Movement Research Manager
Stephanie Peng
NCRP Senior Manager for Movement Research Stephanie Peng is passionate about using data to support communities on the frontlines of change.
She analyzes qualitative and quantitative data to empower nonprofit organizations and push philanthropy to be more just and equitable. She primarily conducts research for NCRP’s Movement Investment Project. In the past, she has worked on As the South Grows and the Philamplify initiative.
Stephanie holds a B.A. in International Affairs from American University and a M.A. in Comparative and Regional Studies from American University. During her undergraduate and graduate studies, she became passionate about the pro-immigrant and refugee movement.
She is a native of New Jersey. In her free time, she is either running or hiking in one of the many parks in the D.C. area, and loves to talk about food and fitness.
Editorial Manager
Suhasini Yeeda
Suhasini Yeeda’s background in creative writing and social action is invaluable in her role as NCRP’s Editorial Manager. Her task is simple – to help bring the messages and stories of NCRP staff, members and partners to life in the full service of impacted communities fighting for an equitable world.
Born and raised in Dallas, Texas, Suhasini has always been curious about the ways in which creativity and social justice collide.

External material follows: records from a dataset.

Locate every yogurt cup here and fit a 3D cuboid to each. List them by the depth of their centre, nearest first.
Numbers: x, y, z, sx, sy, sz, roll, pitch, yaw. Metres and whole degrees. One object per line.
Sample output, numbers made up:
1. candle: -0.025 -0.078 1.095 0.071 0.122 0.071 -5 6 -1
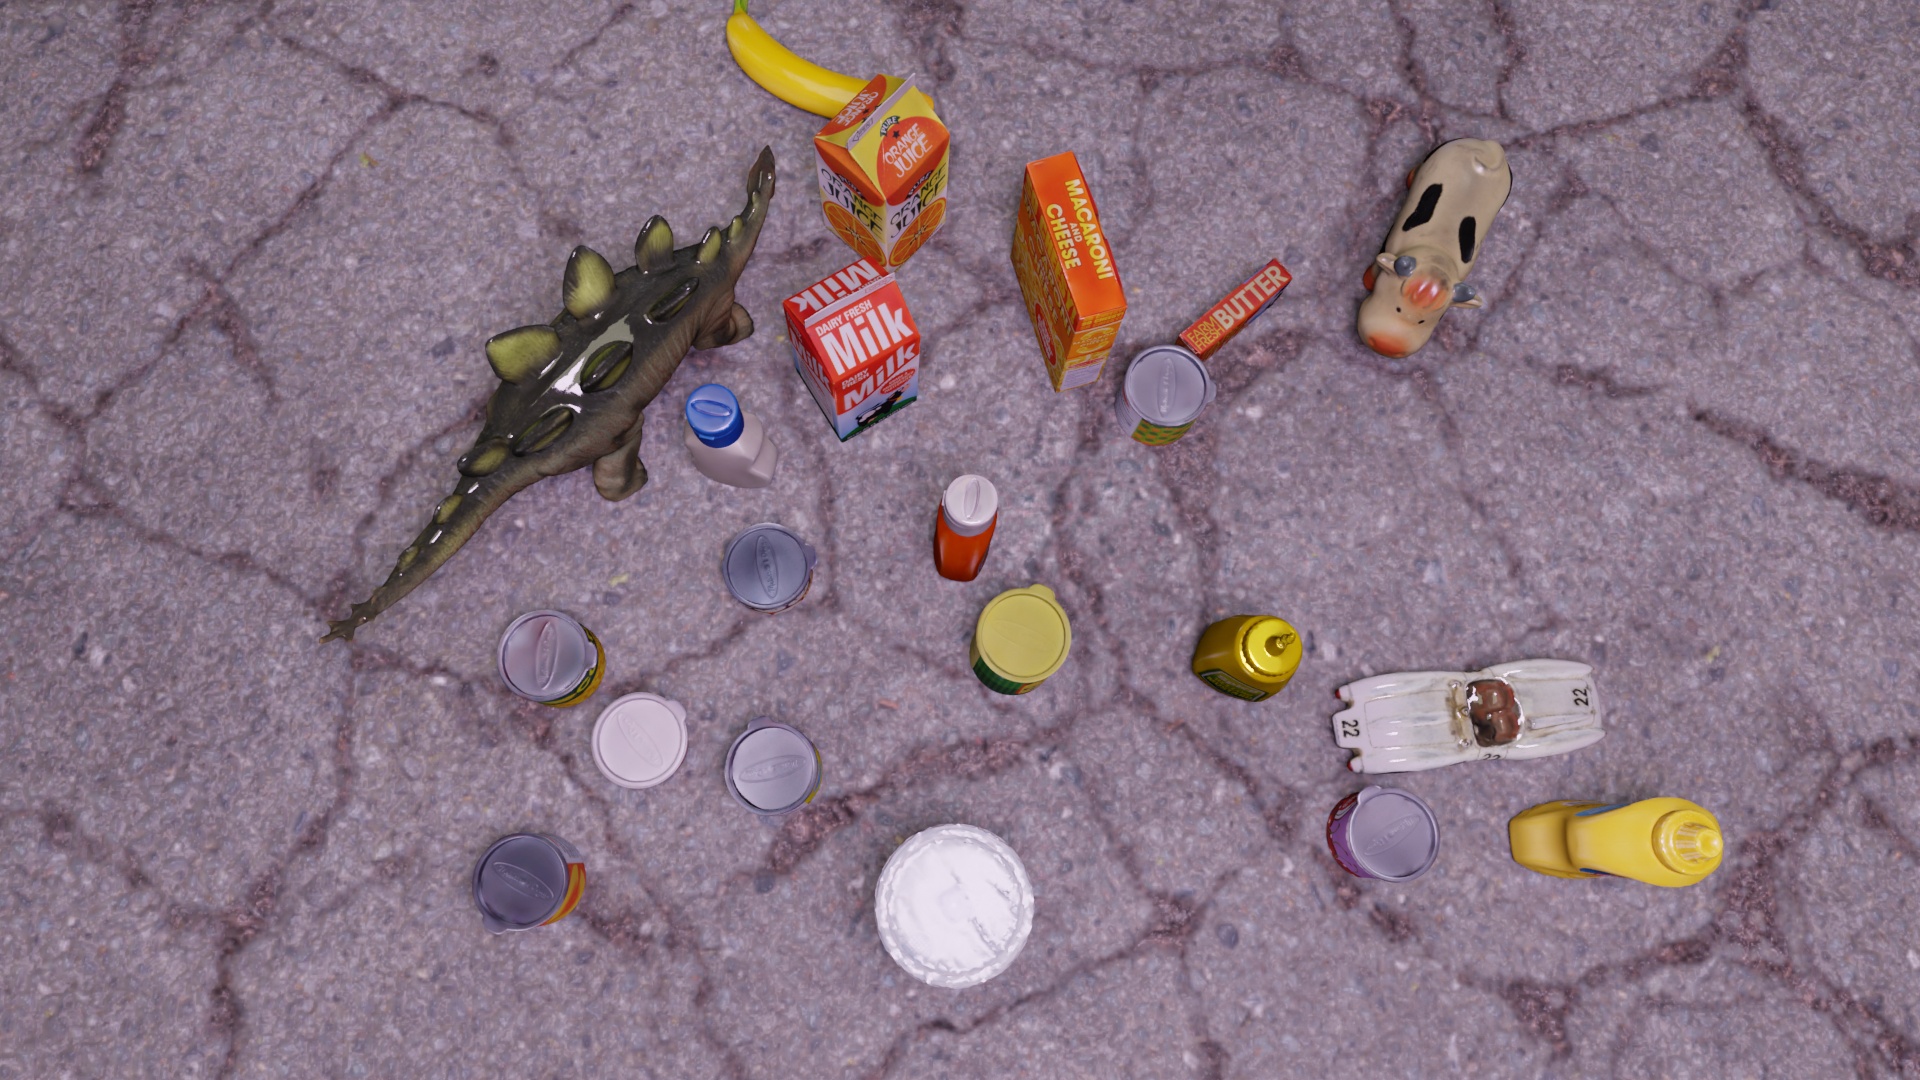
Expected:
1. yogurt cup: -0.229 0.147 1.010 0.072 0.054 0.072 1 78 -2

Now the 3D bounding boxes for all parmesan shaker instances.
1. parmesan shaker: 0.043 0.074 1.013 0.071 0.103 0.071 0 78 -2

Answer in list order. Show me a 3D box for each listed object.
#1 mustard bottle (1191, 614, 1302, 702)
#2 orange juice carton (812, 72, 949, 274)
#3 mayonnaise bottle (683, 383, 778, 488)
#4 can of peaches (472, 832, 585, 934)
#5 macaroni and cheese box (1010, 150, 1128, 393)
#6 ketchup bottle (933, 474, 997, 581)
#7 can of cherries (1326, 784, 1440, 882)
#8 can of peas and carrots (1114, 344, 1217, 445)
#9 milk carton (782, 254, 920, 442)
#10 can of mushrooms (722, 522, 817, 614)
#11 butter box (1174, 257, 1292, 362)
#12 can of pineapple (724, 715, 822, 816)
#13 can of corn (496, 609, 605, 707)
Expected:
1. mustard bottle: 0.209 0.081 0.989 0.065 0.160 0.049 25 78 3
2. orange juice carton: -0.058 -0.277 1.040 0.073 0.192 0.072 42 80 6
3. mayonnaise bottle: -0.171 -0.075 1.013 0.065 0.147 0.041 12 78 0
4. can of peaches: -0.306 0.243 0.984 0.071 0.058 0.071 1 78 -2
5. macaroni and cheese box: 0.079 -0.197 1.041 0.040 0.166 0.124 -17 79 -6
6. ketchup bottle: 0.004 -0.013 1.007 0.043 0.148 0.065 9 78 0
7. can of cherries: 0.307 0.213 1.016 0.071 0.058 0.071 1 78 -2
8. can of peas and carrots: 0.159 -0.112 1.081 0.071 0.058 0.071 1 78 -2
9. milk carton: -0.078 -0.142 1.010 0.072 0.190 0.073 -31 81 -8
10. can of mushrooms: -0.143 0.022 1.052 0.071 0.033 0.071 1 78 -2
11. butter box: 0.213 -0.177 1.101 0.104 0.053 0.024 -39 82 -10
12. can of pineapple: -0.134 0.165 1.008 0.071 0.057 0.071 1 78 -2
13. can of corn: -0.296 0.088 1.018 0.071 0.058 0.071 1 78 -2

During the beginning of pandemic times, Suhasini began working as a freelance communications consultant where she supported small business owners, grassroots activists, and creative entrepreneurs with their communications needs.
As a result of enjoying community-driven work, she launched Niti Communications, which prioritizes uplifting QTBIPOC communities through the power of storytelling and strategic marketing plans. In 2022, she organized and MC’d a Reading and Fundraiser for Abortion Access at Beyond Baroque Literary Arts Center in partnership with Shout Your Abortion.

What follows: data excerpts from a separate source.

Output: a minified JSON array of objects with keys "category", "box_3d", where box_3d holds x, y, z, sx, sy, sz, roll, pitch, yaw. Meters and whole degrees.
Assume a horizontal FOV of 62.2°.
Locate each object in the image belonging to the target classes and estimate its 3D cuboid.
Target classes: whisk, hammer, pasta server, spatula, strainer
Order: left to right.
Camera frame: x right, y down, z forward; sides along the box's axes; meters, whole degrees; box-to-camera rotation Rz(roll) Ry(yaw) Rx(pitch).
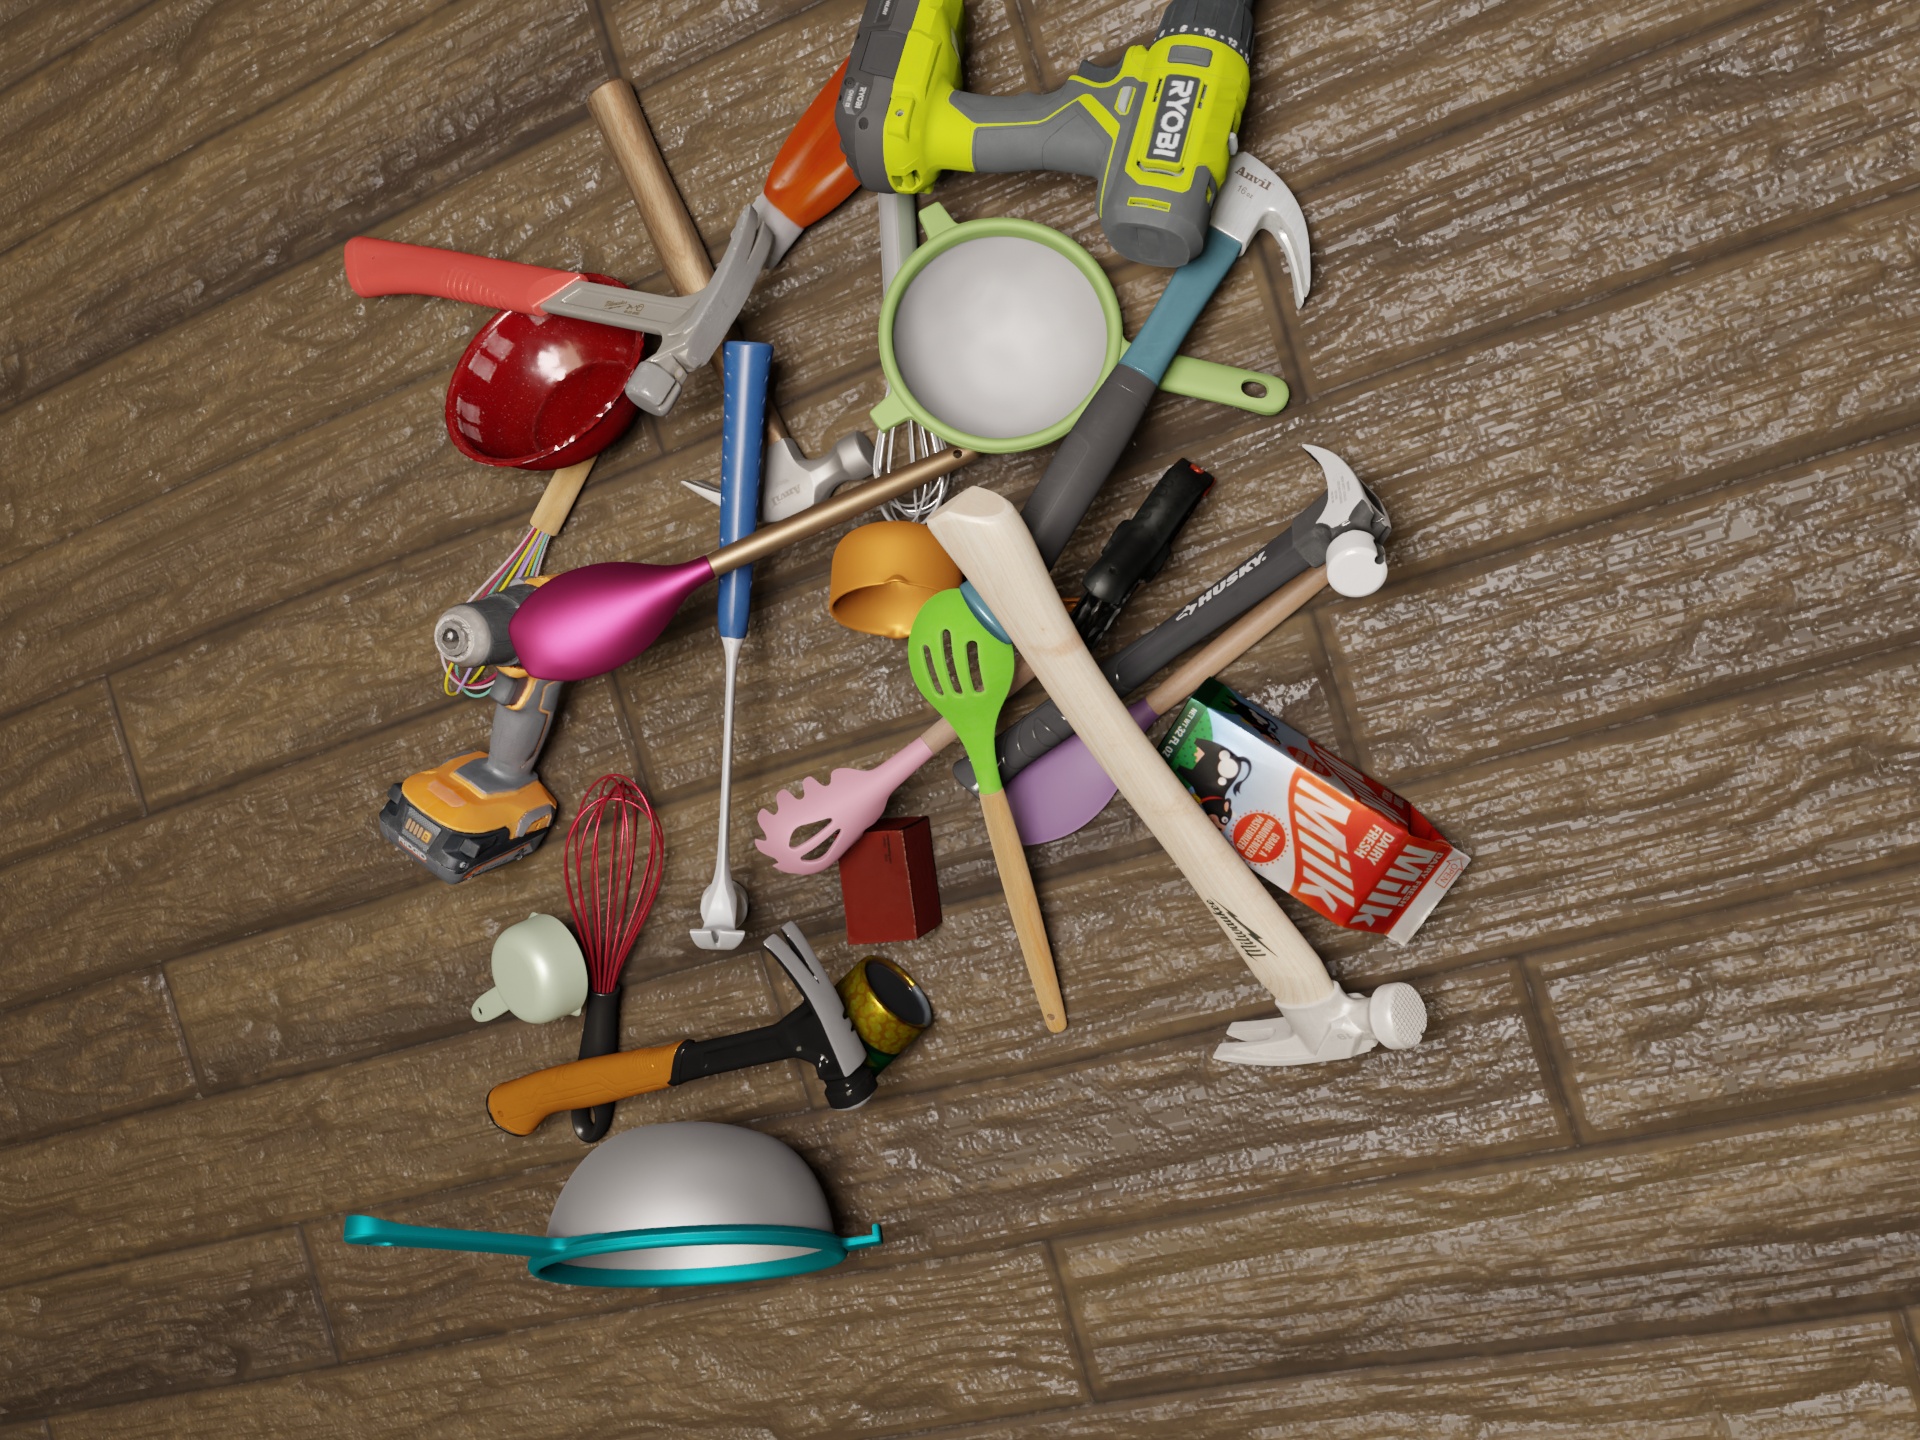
[{"category":"whisk","box_3d":[-0.315,-0.120,1.159,0.051,0.047,0.245,39,104,36]},{"category":"hammer","box_3d":[-0.297,-0.306,1.099,0.359,0.036,0.149,18,74,31]},{"category":"whisk","box_3d":[-0.260,0.178,1.167,0.073,0.073,0.295,14,107,18]},{"category":"strainer","box_3d":[-0.231,0.308,1.042,0.211,0.340,0.095,-29,54,41]},{"category":"hammer","box_3d":[-0.216,0.237,1.112,0.337,0.034,0.127,-20,99,31]},{"category":"hammer","box_3d":[-0.180,-0.289,1.100,0.130,0.031,0.331,-27,86,20]},{"category":"hammer","box_3d":[-0.151,-0.044,1.057,0.035,0.144,0.405,3,97,-6]},{"category":"whisk","box_3d":[-0.038,-0.246,1.047,0.058,0.059,0.246,-3,91,47]},{"category":"pasta server","box_3d":[-0.002,-0.003,1.029,0.316,0.040,0.060,-39,110,1]},{"category":"strainer","box_3d":[0.076,-0.223,1.005,0.256,0.069,0.151,13,82,1]},{"category":"hammer","box_3d":[0.097,-0.195,0.949,0.128,0.033,0.331,31,84,6]},{"category":"hammer","box_3d":[0.106,0.043,0.928,0.146,0.038,0.410,-21,111,47]},{"category":"hammer","box_3d":[0.118,-0.045,0.986,0.035,0.146,0.334,41,123,-21]},{"category":"spatula","box_3d":[0.144,-0.023,1.017,0.316,0.018,0.060,-41,78,20]}]

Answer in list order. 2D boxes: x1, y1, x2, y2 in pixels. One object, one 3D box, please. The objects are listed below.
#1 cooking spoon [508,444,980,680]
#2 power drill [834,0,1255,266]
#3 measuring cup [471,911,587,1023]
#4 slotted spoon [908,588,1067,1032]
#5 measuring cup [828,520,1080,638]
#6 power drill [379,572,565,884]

Suhasini believes that words – born of ideas – surrounded by community and seeded with proper resources – can carry with them the potential to make meaningful change. Her creative work has been nominated for the Pushcart Prize, The Best American Short Stories, and Best of the Net. She is a 2021 recipient of the California Arts Council Emerging Artist Fellowship.
Suhasini lives in Los Angeles, loves to bake, and is an unapologetic addict of cooking competition shows.